** Task objective **
Based on the entries below, how many lines contain the word "sits"? Respond with only the number.
(Source records)
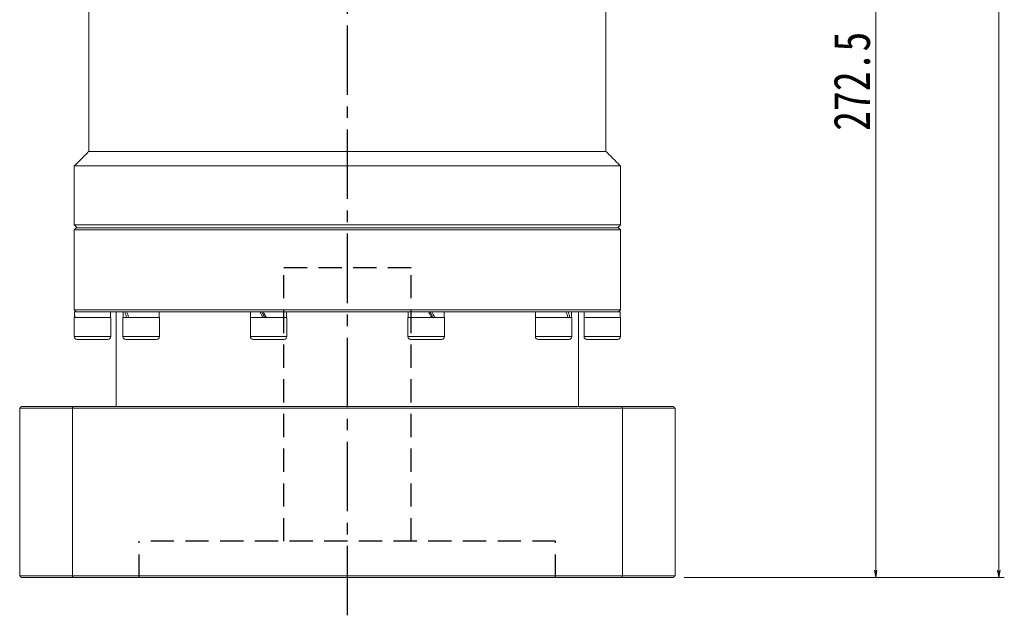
# Model space of a CAD drawing. Header units: millimetres. Extents: x -49 to 1174, y -30 to 830.
# Tile 6 of 8: x 583 to 854, y 354 to 518. Entities that reach past the tile are written whole.
import ezdxf

# ---------------------------------------------------------------- set-up
doc = ezdxf.new("R2010")
doc.units = ezdxf.units.MM
doc.linetypes.add('CENTER2', pattern=[28.575, 19.05, -3.175, 3.175, -3.175])
doc.linetypes.add('DASHED2', pattern=[9.525, 6.35, -3.175])
doc.layers.add('3中心线层', color=1, linetype='CENTER2')
doc.layers.add('4虚线层', color=6, linetype='DASHED2')
doc.layers.add('尺寸线层', color=3, linetype='Continuous', lineweight=18)
doc.styles.add('宋体', font='SimSun.ttf', dxfattribs={"width": 0.8})
doc.dimstyles.new('A水平标注$0', dxfattribs={"dimtxt": 3.5, "dimasz": 2, "dimexe": 1.5, "dimexo": 3, "dimgap": 1.1, "dimtad": 1, "dimtoh": 1, "dimdec": 4, "dimdsep": 46, "dimtxsty": '宋体', "dimblk": 'OPEN', "dimcen": 3, "dimclrd": 3, "dimclre": 3, "dimclrt": 6, "dimadec": 0, "dimazin": 0, "dimtm": 1e-09, "dimtfac": 1, "dimtdec": 4, "dimtix": 1, "dimtmove": 0, "dimatfit": 3, "dimldrblk": 'OPEN', "dimfxl": 0, "dimlwd": 13, "dimlwe": 13, "dimarcsym": 0})

# ---------------------------------------------------------------- blocks, each defined once
blk = doc.blocks.new('_Open')
at = {"color": 0, "linetype": 'ByBlock', "lineweight": -2}
for p, q in [((-1, 0.17), (0, 0)), ((-1, -0.17), (0, 0)), ((0, 0), (-1, 0))]:
    blk.add_line(p, q, dxfattribs=at)
blk = doc.blocks.new('*D35')
at = {"layer": 'Defpoints', "color": 0, "transparency": 16777216}
for p in [(757.33, 721.25), (852.25, 721.25), (762.83, 364.75)]:
    blk.add_point(p, dxfattribs=at)
at = {"layer": '尺寸线层', "color": 3, "lineweight": 13, "transparency": 16777216}
for p, q in [((760.33, 721.25), (853.75, 721.25)), ((852.25, 366.75), (852.25, 719.25)), ((765.83, 364.75), (853.75, 364.75))]:
    blk.add_line(p, q, dxfattribs=at)
at = {"layer": '尺寸线层', "color": 3, "lineweight": 13, "transparency": 16777216, "xscale": 2, "yscale": 2, "zscale": 2}
for p, rotation in [((852.25, 721.25), 90), ((852.25, 364.75), 270)]:
    blk.add_blockref('_Open', p, dxfattribs=dict(at, rotation=rotation))
at = {"layer": '尺寸线层', "color": 6, "transparency": 16777216, "insert": (845.75, 543), "char_height": 10, "attachment_point": 5, "rotation": 90, "style": '宋体', "bg_fill": 3, "box_fill_scale": 1.1, "bg_fill_color": 256, "bg_fill_true_color": 13158600, "bg_fill_transparency": 0}
blk.add_mtext('356.5', dxfattribs=at)
blk = doc.blocks.new('*D36')
at = {"layer": 'Defpoints', "color": 0, "transparency": 16777216}
for p in [(772.83, 637.25), (762.83, 364.75), (818.43, 364.75)]:
    blk.add_point(p, dxfattribs=at)
at = {"layer": '尺寸线层', "color": 3, "lineweight": 13, "transparency": 16777216}
for p, q in [((775.83, 637.25), (819.93, 637.25)), ((818.43, 635.25), (818.43, 366.75)), ((765.83, 364.75), (819.93, 364.75))]:
    blk.add_line(p, q, dxfattribs=at)
at = {"layer": '尺寸线层', "color": 3, "lineweight": 13, "transparency": 16777216, "xscale": 2, "yscale": 2, "zscale": 2}
for p, rotation in [((818.43, 637.25), 90), ((818.43, 364.75), 270)]:
    blk.add_blockref('_Open', p, dxfattribs=dict(at, rotation=rotation))
at = {"layer": '尺寸线层', "color": 6, "transparency": 16777216, "insert": (811.93, 501), "char_height": 10, "attachment_point": 5, "rotation": 90, "style": '宋体', "bg_fill": 3, "box_fill_scale": 1.1, "bg_fill_color": 256, "bg_fill_true_color": 13158600, "bg_fill_transparency": 0}
blk.add_mtext('272.5', dxfattribs=at)

msp = doc.modelspace()

# ---------------------------------------------------------------- linework, layer by layer
at = {"color": 7, "linetype": 'Continuous', "lineweight": 15}
for p, q in [((602.32596, 481.74727), (673.32596, 481.74727)), ((673.32596, 481.74727), (744.32597, 481.74727)), ((598.32596, 477.74728), (673.32596, 477.74728)), ((673.32596, 477.74728), (748.32597, 477.74728)), ((598.32596, 461.54729), (673.32596, 461.54729)), ((748.32597, 460.24728), (598.32596, 460.24728)), ((598.82596, 460.74727), (747.82597, 460.74727)), ((673.32596, 461.54729), (748.32597, 461.54729)), ((598.32596, 438.24727), (673.32596, 438.24727)), ((673.32596, 438.24727), (748.32597, 438.24727)), ((598.32596, 436.14728), (608.32597, 436.14728)), ((598.82596, 437.74727), (598.38596, 437.74727)), ((598.4731, 437.74727), (598.82596, 437.74727)), ((611.84249, 437.74727), (598.85563, 437.74727)), ((611.69478, 436.14728), (621.69477, 436.14728)), ((612.22575, 437.74727), (611.84249, 437.74727)), ((612.22575, 437.74727), (612.51586, 437.74727)), ((612.69823, 437.74727), (612.51586, 437.74727)), ((614.31391, 437.74727), (612.69823, 437.74727)), ((648.35478, 437.74727), (614.31391, 437.74727)), ((646.69477, 436.14728), (656.69477, 436.14728)), ((649.31661, 437.74727), (648.31394, 437.74727)), ((649.31661, 437.74727), (649.42742, 437.74727)), ((650.16823, 437.74727), (649.42742, 437.74727)), ((652.31279, 437.74727), (650.16823, 437.74727)), ((673.32596, 437.74727), (652.31279, 437.74727)), ((694.33914, 437.74727), (673.32596, 437.74727)), ((689.95715, 436.14728), (690.20187, 436.14728)), ((690.20187, 436.14728), (699.95715, 436.14728)), ((695.57822, 437.74727), (694.33914, 437.74727)), ((696.34773, 437.74727), (695.57822, 437.74727)), ((696.4837, 437.74727), (696.34773, 437.74727)), ((698.33798, 437.74727), (696.4837, 437.74727)), ((732.33802, 437.74727), (698.33798, 437.74727)), ((724.95715, 436.14728), (727.01823, 436.14728)), ((727.01823, 436.14728), (734.95715, 436.14728)), ((733.34023, 437.74727), (732.33802, 437.74727)), ((733.59773, 437.74727), (733.34023, 437.74727)), ((733.9537, 437.74727), (733.59773, 437.74727)), ((734.80944, 437.74727), (733.9537, 437.74727)), ((747.7963, 437.74727), (734.80944, 437.74727)), ((738.32596, 436.14728), (743.32596, 436.14728)), ((743.32596, 436.14728), (748.32597, 436.14728)), ((748.17883, 437.74727), (747.82597, 437.74727)), ((748.26597, 437.74727), (747.82597, 437.74727)), ((598.32596, 430.89727), (608.32597, 430.89727)), ((607.57596, 430.14726), (599.07597, 430.14726)), ((611.69478, 430.89727), (621.69477, 430.89727)), ((620.94477, 430.14726), (612.44477, 430.14726)), ((646.69477, 430.89727), (656.69477, 430.89727)), ((655.94477, 430.14726), (647.44477, 430.14726)), ((689.95715, 430.89727), (690.20187, 430.89727)), ((690.20187, 430.89727), (699.95715, 430.89727)), ((690.91516, 430.14726), (690.70715, 430.14726)), ((699.20715, 430.14726), (690.91516, 430.14726)), ((724.95715, 430.89727), (727.01823, 430.89727)), ((727.45907, 430.14726), (725.70716, 430.14726)), ((727.01823, 430.89727), (734.95715, 430.89727)), ((734.20715, 430.14726), (727.45907, 430.14726)), ((738.32596, 430.89727), (743.32596, 430.89727)), ((743.32596, 430.14726), (739.07597, 430.14726)), ((743.32596, 430.89727), (748.32597, 430.89727)), ((747.57596, 430.14726), (743.32596, 430.14726)), ((597.78624, 411.24729), (583.32596, 411.24729)), ((583.32596, 411.24729), (583.32596, 365.24728)), ((583.82596, 411.74728), (597.96848, 411.74728)), ((748.86569, 411.24729), (597.78624, 411.24729)), ((597.78624, 365.24728), (597.78624, 411.24729)), ((597.96848, 411.74728), (748.68345, 411.74728)), ((748.86569, 411.24729), (748.86569, 365.24728)), ((583.32596, 365.24728), (597.78624, 365.24728)), ((597.78624, 365.24728), (748.86569, 365.24728)), ((597.96848, 364.74729), (583.82596, 364.74729)), ((748.68345, 364.74729), (597.96848, 364.74729))]:
    msp.add_line(p, q, dxfattribs=at)
for centre, start, end in [((599.07596, 430.89728), 180, 270), ((607.57596, 430.89728), 270, 0), ((612.44477, 430.89728), 180, 270), ((620.94477, 430.89728), 270, 0), ((647.44477, 430.89728), 180, 270), ((655.94477, 430.89728), 270, 0), ((690.70715, 430.89728), 180, 270), ((699.20715, 430.89728), 270, 0), ((725.70715, 430.89728), 180, 270), ((734.20715, 430.89728), 270, 0), ((739.07596, 430.89728), 180, 270), ((747.57596, 430.89728), 270, 0)]:
    msp.add_arc(centre, 0.75, start, end, dxfattribs=at)
at = {"color": 7, "linetype": 'Continuous', "lineweight": 15, "extrusion": (0, 0, -1)}
for centre, major_axis, ratio, start_param, end_param in [((603.32596, 437.74728), (0, -8.55633), 0.577350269, 1.382692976, 1.570796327), ((603.32596, 436.14728), (0, -8.55633), 0.577350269, 1.570796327, 1.66443111), ((616.69477, 436.14728), (3.53747, -8.43319), 0.408881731, 1.740657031, 1.928760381), ((616.69477, 437.74728), (3.53747, -8.43319), 0.408881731, 1.55255368, 1.740657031), ((651.69477, 436.14728), (4.80121, -8.53127), 0.13629391, 1.647349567, 1.835452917), ((651.69477, 436.14728), (3.24616, -5.76811), 0.13629391, 1.647349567, 1.927577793), ((651.69477, 437.74728), (4.80121, -8.53127), 0.13629391, 1.459246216, 1.647349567), ((694.95715, 436.14728), (4.80121, -8.53127), 0.13629391, 4.60083887, 4.78894222), ((694.95715, 437.74728), (3.24616, -5.76811), 0.13629391, 4.78894222, 5.069170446), ((694.95715, 437.74728), (4.80121, -8.53127), 0.13629391, 4.78894222, 4.977045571), ((729.95715, 436.14728), (3.53747, -8.43319), 0.408881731, 4.694146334, 4.882249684), ((729.95715, 437.74728), (3.53747, -8.43319), 0.408881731, 4.882249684, 5.070353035), ((743.32596, 436.14728), (0, -8.55633), 0.577350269, 4.52428563, 4.71238898), ((743.32596, 437.74728), (0, -8.55633), 0.577350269, 4.71238898, 4.806023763)]:
    msp.add_ellipse(centre, major_axis=major_axis, ratio=ratio, start_param=start_param, end_param=end_param, dxfattribs=at)
at = {"color": 7, "linetype": 'Continuous', "lineweight": 15}
for points in [[(602.32596, 523.24728), (602.32596, 481.74727)], [(744.32597, 481.74727), (744.32597, 523.24728)], [(602.32596, 481.74727), (598.32596, 477.74728)], [(748.32597, 477.74728), (744.32597, 481.74727)], [(598.32596, 477.74728), (598.32596, 461.54729)], [(748.32597, 461.54729), (748.32597, 477.74728)], [(598.32596, 461.54729), (599.12597, 460.74727)], [(598.82596, 460.74727), (598.32596, 460.24728)], [(598.32596, 460.24728), (598.32596, 438.24727)], [(747.52596, 460.74727), (748.32597, 461.54729)], [(748.32597, 460.24728), (747.82597, 460.74727)], [(748.32597, 438.24727), (748.32597, 460.24728)], [(598.32596, 438.24727), (598.82596, 437.74727)], [(747.82597, 437.74727), (748.32597, 438.24727)], [(598.32596, 436.14728), (598.32596, 430.89727)], [(608.26597, 436.14728), (608.26597, 437.74727)], [(608.32597, 430.89727), (608.32597, 436.14728)], [(609.82596, 437.74727), (609.82596, 411.74728)], [(611.69478, 436.14728), (611.69478, 430.89727)], [(611.75478, 437.74727), (611.75478, 436.14728)], [(621.63477, 436.14728), (621.63477, 437.74727)], [(621.69477, 430.89727), (621.69477, 436.14728)], [(646.69477, 436.14728), (646.69477, 430.89727)], [(646.75477, 437.74727), (646.75477, 436.14728)], [(656.63477, 436.14728), (656.63477, 437.74727)], [(656.69477, 430.89727), (656.69477, 436.14728)], [(689.95715, 436.14728), (689.95715, 430.89727)], [(690.01715, 437.74727), (690.01715, 436.14728)], [(699.89715, 436.14728), (699.89715, 437.74727)], [(699.95715, 430.89727), (699.95715, 436.14728)], [(724.95715, 436.14728), (724.95715, 430.89727)], [(725.01715, 437.74727), (725.01715, 436.14728)], [(734.89715, 436.14728), (734.89715, 437.74727)], [(734.95715, 430.89727), (734.95715, 436.14728)], [(736.82597, 411.74728), (736.82597, 437.74727)], [(738.32596, 436.14728), (738.32596, 430.89727)], [(738.38596, 437.74727), (738.38596, 436.14728)], [(748.32597, 430.89727), (748.32597, 436.14728)], [(583.32596, 411.24729), (583.82596, 411.74728)], [(597.96848, 411.74728), (597.78624, 411.24729)], [(748.68345, 411.74728), (748.86569, 411.24729)], [(583.32596, 365.24728), (583.82596, 364.74729)], [(597.96848, 364.74729), (597.78624, 365.24728)], [(748.68345, 364.74729), (748.86569, 365.24728)]]:
    msp.add_open_spline(points, degree=1, dxfattribs=at)
at = {"layer": '3中心线层'}
msp.add_line((673.32596, 354.40166), (673.32596, 534.74728), dxfattribs=at)
at = {"layer": '4虚线层'}
for p, q in [((690.82596, 449.74729), (655.82596, 449.74729)), ((655.82596, 374.74729), (655.82596, 449.74729)), ((690.82596, 374.74729), (690.82596, 449.74729)), ((730.47596, 374.74729), (616.17596, 374.74729)), ((616.17596, 364.74729), (616.17596, 374.74729)), ((730.47596, 364.74729), (730.47596, 374.74729))]:
    msp.add_line(p, q, dxfattribs=at)

# ---------------------------------------------------------------- dimensions: what is measured, and where the dimension line sits
at = {"layer": '尺寸线层'}
dim = msp.add_linear_dim(base=(852.24748, 721.24728), p1=(762.82597, 364.74729), p2=(757.32596, 721.24728), angle=90, dimstyle='A水平标注$0', override={"dimtxt": 10, "dimgap": 1.5}, dxfattribs=at)
dim.commit()
dim.dimension.update_dxf_attribs({"geometry": '*D35', "text_midpoint": (845.74748, 542.99729)})

# ---------------------------------------------------------------- next in the draw order: dimensions: what is measured, and where the dimension line sits
dim = msp.add_linear_dim(base=(818.42888, 364.74729), p1=(772.82596, 637.24728), p2=(762.82597, 364.74729), angle=90, dimstyle='A水平标注$0', override={"dimtxt": 10, "dimgap": 1.5}, dxfattribs=at)
dim.commit()
dim.dimension.update_dxf_attribs({"geometry": '*D36', "text_midpoint": (811.92888, 500.99729)})

# ---------------------------------------------------------------- next in the draw order: linework, layer by layer
at = {"color": 7, "linetype": 'Continuous', "lineweight": 15}
for p, q in [((748.68345, 411.74728), (762.82597, 411.74728)), ((763.32597, 411.24729), (748.86569, 411.24729)), ((763.32597, 365.24728), (763.32597, 411.24729)), ((748.86569, 365.24728), (763.32597, 365.24728)), ((762.82597, 364.74729), (748.68345, 364.74729))]:
    msp.add_line(p, q, dxfattribs=at)
for points in [[(762.82597, 411.74728), (763.32597, 411.24729)], [(762.82597, 364.74729), (763.32597, 365.24728)]]:
    msp.add_open_spline(points, degree=1, dxfattribs=at)

doc.saveas('drawing.dxf')
(End Source records)
** Solution to this exercise **
2